The legislature is trickling lukewarm, watered-down ethics reform bills to Governor Nixon. Lukewarm they might be but at least something is at last running out of the legislative faucet on this issue. However, as they say in the Mother Country, “We are not impressed.”
And St. Louis Post-Dispatch capitol reporter Kevin McDermott reminded us why last weekend.
The two best-known Republican candidates to succeed Nixon are former House Speaker Catherine Hanaway and Lieutenant Governor Peter Kinder. Behind them are Eric Greitens and John Brunner.
It seems there’s an outfit called Patriots for America. It works on behalf of Brunner. Note we do not say it works FOR Brunner. That would be illegal. Kevin, however, describes an interesting web of circumstance.

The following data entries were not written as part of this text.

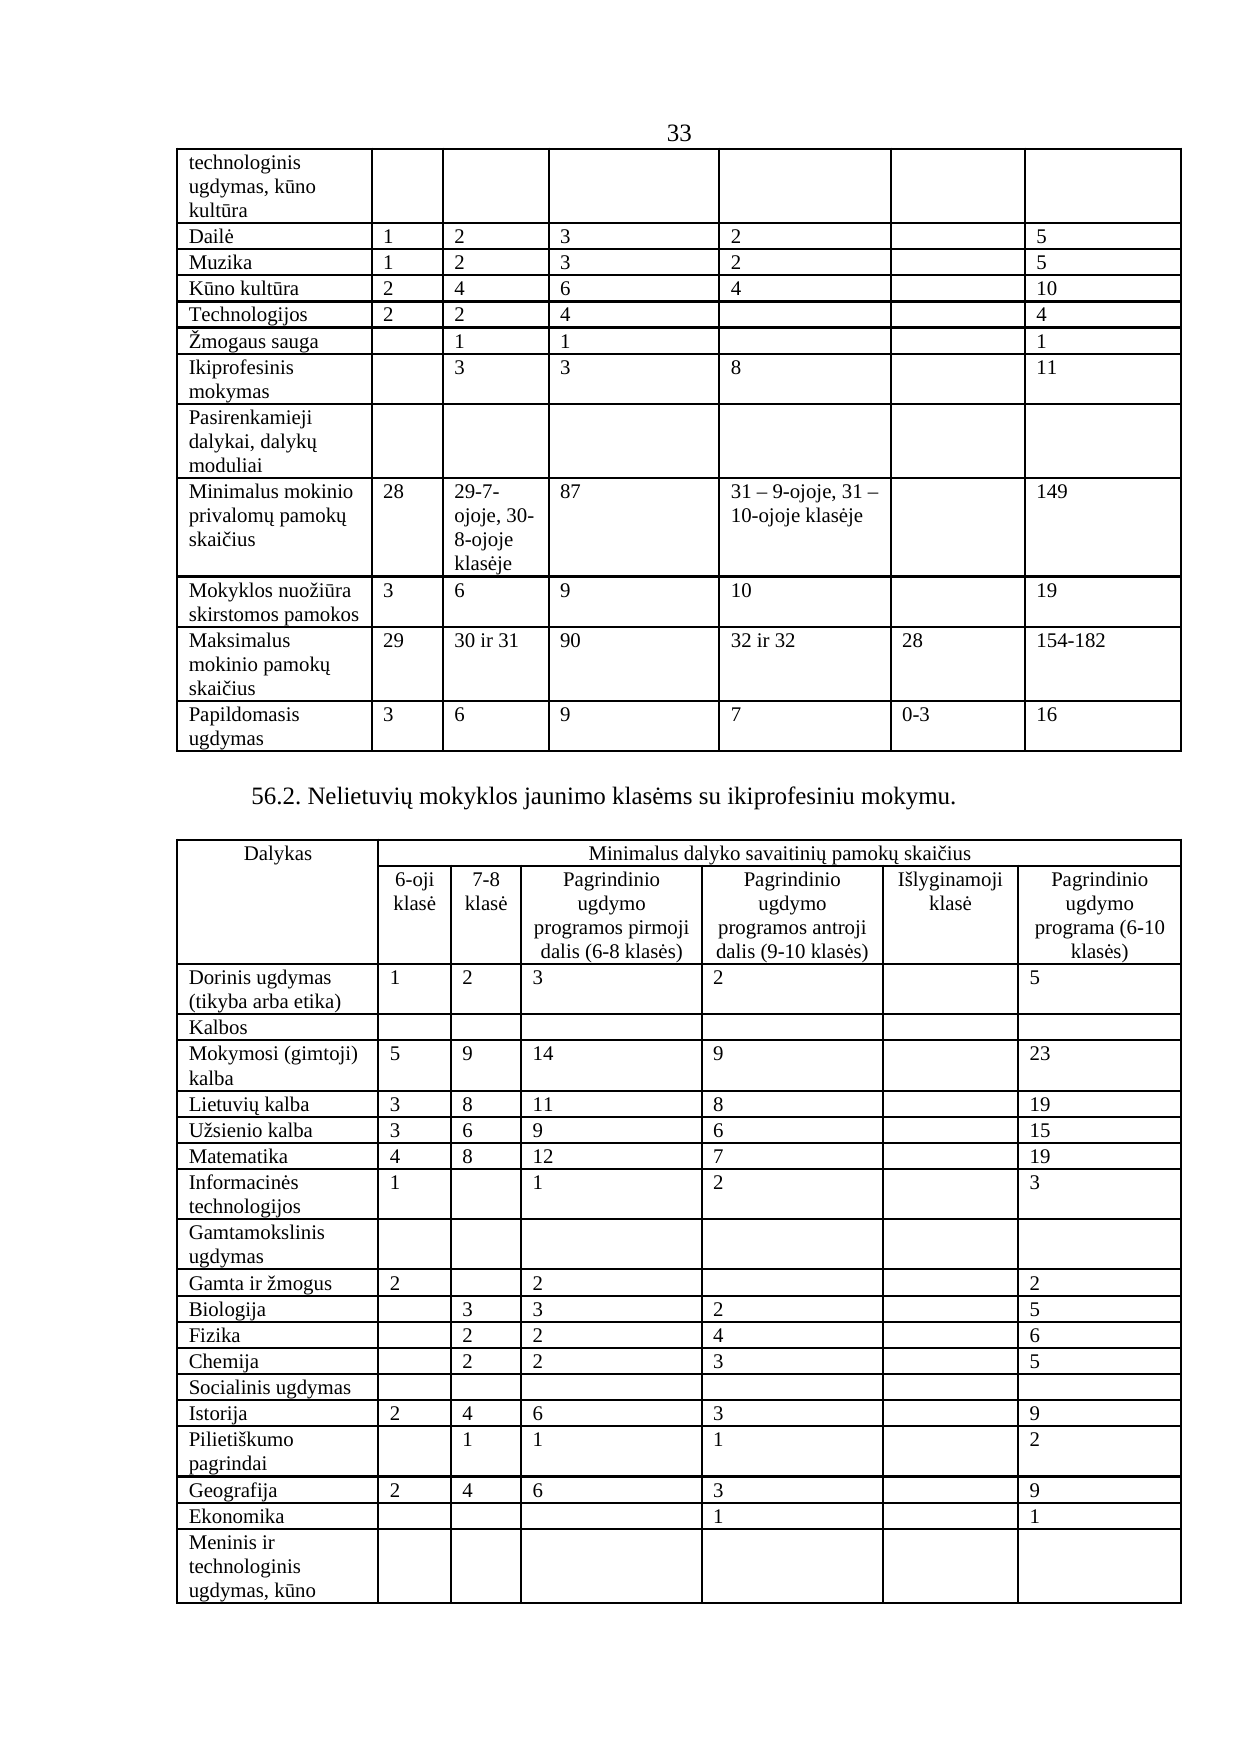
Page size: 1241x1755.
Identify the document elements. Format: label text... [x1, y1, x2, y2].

table_cell 4 [1026, 303, 1180, 326]
table_cell [379, 1220, 450, 1268]
table_cell 2 [522, 1323, 701, 1347]
table_cell 4 [720, 276, 890, 300]
table_cell [522, 1530, 701, 1602]
table_cell 9 [452, 1041, 520, 1089]
table_cell [884, 1504, 1017, 1528]
table_cell 1 [379, 1170, 450, 1218]
table_cell [1026, 405, 1180, 477]
table_cell Pilietiškumo pagrindai [178, 1427, 377, 1475]
table_cell 5 [1026, 224, 1180, 248]
table_cell [892, 303, 1024, 326]
table_cell [720, 150, 890, 222]
table_cell 12 [522, 1144, 701, 1168]
table_cell 2 [452, 1349, 520, 1373]
table_cell 3 [703, 1349, 882, 1373]
table_cell 6-oji klasė [379, 867, 450, 963]
table_cell 9 [550, 578, 718, 626]
table_cell 7-8 klasė [452, 867, 520, 963]
table_cell [892, 405, 1024, 477]
table_cell 15 [1019, 1118, 1180, 1142]
table_cell 1 [1019, 1504, 1180, 1528]
table_cell 2 [373, 303, 442, 326]
table_cell [379, 1427, 450, 1475]
table_header Minimalus dalyko savaitinių pamokų skaičius [379, 841, 1180, 864]
table_cell Matematika [178, 1144, 377, 1168]
table_cell [884, 1401, 1017, 1425]
table_cell [884, 1041, 1017, 1089]
table_cell Minimalus mokinio privalomų pamokų skaičius [178, 479, 371, 575]
table_cell 5 [379, 1041, 450, 1089]
table_cell 32 ir 32 [720, 628, 890, 700]
table_cell 19 [1026, 578, 1180, 626]
table_cell 154-182 [1026, 628, 1180, 700]
table_cell Lietuvių kalba [178, 1092, 377, 1116]
table_cell 0-3 [892, 702, 1024, 750]
table_cell [452, 1530, 520, 1602]
table_cell 8 [720, 355, 890, 403]
table_cell 2 [522, 1270, 701, 1294]
table_cell 6 [522, 1478, 701, 1502]
table_cell 3 [522, 965, 701, 1013]
table_cell 2 [444, 224, 548, 248]
table_cell technologinis ugdymas, kūno kultūra [178, 150, 371, 222]
table_cell Kūno kultūra [178, 276, 371, 300]
table_cell [884, 1375, 1017, 1399]
table_cell [720, 303, 890, 326]
table_cell [884, 1170, 1017, 1218]
table_cell 2 [379, 1478, 450, 1502]
table_cell Pagrindinio ugdymo programos pirmoji dalis (6-8 klasės) [522, 867, 701, 963]
table_cell 9 [1019, 1401, 1180, 1425]
table_cell 2 [379, 1270, 450, 1294]
table_cell [452, 1504, 520, 1528]
table_cell 2 [379, 1401, 450, 1425]
table_cell Biologija [178, 1297, 377, 1321]
table_cell 3 [452, 1297, 520, 1321]
table_cell 2 [703, 1297, 882, 1321]
table_cell [884, 1144, 1017, 1168]
table_cell [884, 1270, 1017, 1294]
table_cell [1019, 1530, 1180, 1602]
table_cell Pasirenkamieji dalykai, dalykų moduliai [178, 405, 371, 477]
table_cell 1 [373, 250, 442, 274]
table_cell 6 [703, 1118, 882, 1142]
table_cell Istorija [178, 1401, 377, 1425]
table_cell [884, 1297, 1017, 1321]
table_cell 3 [522, 1297, 701, 1321]
table_cell 2 [720, 250, 890, 274]
table_cell 9 [522, 1118, 701, 1142]
table_cell [522, 1504, 701, 1528]
table_cell 9 [703, 1041, 882, 1089]
table_cell 5 [1026, 250, 1180, 274]
table_cell 4 [703, 1323, 882, 1347]
table_cell 16 [1026, 702, 1180, 750]
table_cell [703, 1375, 882, 1399]
table_cell 2 [1019, 1427, 1180, 1475]
table_cell [379, 1015, 450, 1039]
table_cell 11 [522, 1092, 701, 1116]
table_cell Mokyklos nuožiūra skirstomos pamokos [178, 578, 371, 626]
table_cell 3 [379, 1118, 450, 1142]
table_cell Išlyginamoji klasė [884, 867, 1017, 963]
table_cell [703, 1220, 882, 1268]
table_cell 3 [550, 224, 718, 248]
table_cell [884, 1478, 1017, 1502]
table_cell Kalbos [178, 1015, 377, 1039]
table_cell [884, 965, 1017, 1013]
table_cell 2 [720, 224, 890, 248]
table_cell [452, 1015, 520, 1039]
table_cell 1 [522, 1170, 701, 1218]
table_cell [892, 276, 1024, 300]
table_cell 2 [703, 965, 882, 1013]
table_cell 6 [452, 1118, 520, 1142]
table_cell [884, 1530, 1017, 1602]
table_cell 6 [522, 1401, 701, 1425]
table_cell 28 [373, 479, 442, 575]
table_cell [522, 1375, 701, 1399]
table_cell [892, 355, 1024, 403]
table_cell [884, 1118, 1017, 1142]
table_cell 2 [452, 1323, 520, 1347]
table_cell [452, 1375, 520, 1399]
table_cell Meninis ir technologinis ugdymas, kūno [178, 1530, 377, 1602]
table_cell [892, 479, 1024, 575]
table_cell [379, 1375, 450, 1399]
table_cell [444, 150, 548, 222]
table_cell 7 [720, 702, 890, 750]
table_cell [884, 1349, 1017, 1373]
table_cell [444, 405, 548, 477]
table_cell 7 [703, 1144, 882, 1168]
table_cell 10 [1026, 276, 1180, 300]
table_cell Ikiprofesinis mokymas [178, 355, 371, 403]
table_cell [522, 1220, 701, 1268]
table_cell 6 [550, 276, 718, 300]
table_cell 2 [452, 965, 520, 1013]
table_cell 1 [550, 329, 718, 353]
table_cell Mokymosi (gimtoji) kalba [178, 1041, 377, 1089]
table_cell 6 [444, 578, 548, 626]
table_cell 3 [1019, 1170, 1180, 1218]
table_cell [884, 1427, 1017, 1475]
table_cell [703, 1270, 882, 1294]
table_cell 23 [1019, 1041, 1180, 1089]
table_cell [1019, 1015, 1180, 1039]
table_cell [373, 329, 442, 353]
table_cell 9 [550, 702, 718, 750]
table_cell Fizika [178, 1323, 377, 1347]
table_cell 1 [444, 329, 548, 353]
table_cell 29-7-ojoje, 30-8-ojoje klasėje [444, 479, 548, 575]
table_cell [884, 1220, 1017, 1268]
table_cell Dorinis ugdymas (tikyba arba etika) [178, 965, 377, 1013]
table_cell [379, 1297, 450, 1321]
table_cell 3 [379, 1092, 450, 1116]
table_cell [1019, 1375, 1180, 1399]
table_cell [379, 1323, 450, 1347]
table_cell [379, 1349, 450, 1373]
table_cell Dailė [178, 224, 371, 248]
table_cell Gamtamokslinis ugdymas [178, 1220, 377, 1268]
table_cell [884, 1092, 1017, 1116]
table_cell Geografija [178, 1478, 377, 1502]
table_cell 1 [452, 1427, 520, 1475]
table_cell 87 [550, 479, 718, 575]
table_cell 1 [1026, 329, 1180, 353]
table_cell 3 [373, 578, 442, 626]
table_cell [703, 1530, 882, 1602]
table_cell 4 [550, 303, 718, 326]
table_cell 31 – 9-ojoje, 31 – 10-ojoje klasėje [720, 479, 890, 575]
table_cell 4 [452, 1478, 520, 1502]
table_cell [522, 1015, 701, 1039]
table_cell 2 [703, 1170, 882, 1218]
table_cell [892, 329, 1024, 353]
table_cell [373, 150, 442, 222]
table_cell 2 [522, 1349, 701, 1373]
table_cell Pagrindinio ugdymo programos antroji dalis (9-10 klasės) [703, 867, 882, 963]
table_cell 8 [452, 1092, 520, 1116]
table_cell Žmogaus sauga [178, 329, 371, 353]
table_cell [452, 1170, 520, 1218]
table_cell Užsienio kalba [178, 1118, 377, 1142]
table_cell 3 [550, 250, 718, 274]
table_cell 4 [452, 1401, 520, 1425]
table_cell 90 [550, 628, 718, 700]
table_cell 5 [1019, 965, 1180, 1013]
table_cell 5 [1019, 1349, 1180, 1373]
table_cell [379, 1530, 450, 1602]
table_cell 2 [444, 250, 548, 274]
table_cell 11 [1026, 355, 1180, 403]
table_cell [1019, 1220, 1180, 1268]
table_cell 8 [703, 1092, 882, 1116]
table_cell 3 [550, 355, 718, 403]
table_cell 2 [373, 276, 442, 300]
table_cell [720, 405, 890, 477]
table_cell 29 [373, 628, 442, 700]
table_cell 28 [892, 628, 1024, 700]
table_cell 14 [522, 1041, 701, 1089]
table_cell [892, 578, 1024, 626]
table_cell 19 [1019, 1144, 1180, 1168]
table_cell [550, 150, 718, 222]
table_cell 4 [379, 1144, 450, 1168]
table_cell [703, 1015, 882, 1039]
table_header Dalykas [178, 841, 377, 963]
table_cell Pagrindinio ugdymo programa (6-10 klasės) [1019, 867, 1180, 963]
table_cell 3 [703, 1401, 882, 1425]
table_cell [373, 405, 442, 477]
table_cell Maksimalus mokinio pamokų skaičius [178, 628, 371, 700]
table_cell Muzika [178, 250, 371, 274]
table_cell Chemija [178, 1349, 377, 1373]
table_cell [884, 1323, 1017, 1347]
table_cell 3 [703, 1478, 882, 1502]
table_cell [884, 1015, 1017, 1039]
table_cell [1026, 150, 1180, 222]
table_cell 1 [379, 965, 450, 1013]
table_cell Technologijos [178, 303, 371, 326]
table_cell 1 [522, 1427, 701, 1475]
table_cell Papildomasis ugdymas [178, 702, 371, 750]
table_cell Ekonomika [178, 1504, 377, 1528]
table_cell 2 [1019, 1270, 1180, 1294]
table_cell 8 [452, 1144, 520, 1168]
table_cell 30 ir 31 [444, 628, 548, 700]
table_cell [720, 329, 890, 353]
table_cell [892, 150, 1024, 222]
table_cell 5 [1019, 1297, 1180, 1321]
table_cell 19 [1019, 1092, 1180, 1116]
table_cell 1 [703, 1427, 882, 1475]
table_cell [892, 250, 1024, 274]
table_cell [452, 1220, 520, 1268]
table_cell 2 [444, 303, 548, 326]
table_cell [373, 355, 442, 403]
table_cell 3 [444, 355, 548, 403]
table_cell 9 [1019, 1478, 1180, 1502]
table_cell 4 [444, 276, 548, 300]
text 56.2. Nelietuvių mokyklos jaunimo klasėms su ikiprofesiniu mokymu. [177, 781, 1181, 810]
table_cell 149 [1026, 479, 1180, 575]
table_cell [892, 224, 1024, 248]
table_cell [379, 1504, 450, 1528]
table_cell Socialinis ugdymas [178, 1375, 377, 1399]
table_cell Gamta ir žmogus [178, 1270, 377, 1294]
table_cell 1 [373, 224, 442, 248]
table_cell 6 [444, 702, 548, 750]
table_cell Informacinės technologijos [178, 1170, 377, 1218]
table_cell 6 [1019, 1323, 1180, 1347]
table_cell [452, 1270, 520, 1294]
table_cell 3 [373, 702, 442, 750]
table_cell 1 [703, 1504, 882, 1528]
table_cell 10 [720, 578, 890, 626]
table_cell [550, 405, 718, 477]

Patriots for America is a Super PAC and its main job is to attack Greitens. According to Kevin’s article, Brunner washes his hands of Patriots for America. Election laws say candidate campaigns can have no relationship and no coordination with Super PACs whose main job is to make a candidate’s opponent look like something your neighbor’s dog left in your yard while the candidate himself (or herself) can appear to be the good guy traveling the high road.
Kevin details in his article how Patriots for America has avoided revealing the source of the money it is using to do that. The Missouri Ethics Commission, which keeps track of campaign finance laws insofar as weak state laws let it do so, has no record of P4A. The Federal Elections Commission has a record of it but the organization evades federal campaign reporting laws by getting its money from a nonprofit corporation which does not have to report the source of its income.
But if nobody can follow the money, somebody can follow the lines of accountability. And he has done that.
P4A was established by a former Brunner campaign staffer, Andrew McLain, who claims no relationship to the Brunner campaign, which clears him to raise as much money as possible to attack Brunner’s opponent, apparently out of the goodness of his heart. The only donor McLain has listed on his federal reporting form is Franklin & Lee, a claimed nonprofit, that has put $84,000 into the P4A bank account.
Who are Franklin & Lee? Or what is F&L? It’s a shadowy thing that just happens to have the same mailing address McLain has. Kevin reports McLain has a second address. It’s the same address as P4A.
What a circumstance!
Kevin’s story also says P4A also has “apparent connections” with one Paul Holzer. Paul Holzer, as in Brunner’s former campaign chief of staff. And when “a reporter,” as Kevin put it in his story (reporters sometimes use that phrase to avoid saying “I” to avoid inserting ourselves into the story) called the P4A lawyer to ask to speak to someone on behalf of the organization, the lawyer’s office referred him to Holzer. The person answering Holzer’s phone said he wasn’t available and hung up.
The Missouri General Assembly has steadfastly refused to even consider any kind of improvements in Missouri’s campaign donation or campaign donations reporting system this year. Some members have even suggested it’s not even worth trying to do something because campaigns will always find loopholes. Odd, however, isn’t it, that all of the other states have at least tried. All of them.
In the meantime the legislature sends the governor a few cups of lukewarm ethical water, probably about the same temperature that candidates can use to wash their hands while former staffers—who have no connection at all to their campaigns—attack an opponent.
And in news conferences at the end of the session in a few weeks, majority legislative leaders will count ethics reform as a major accomplishment of a highly-successful session.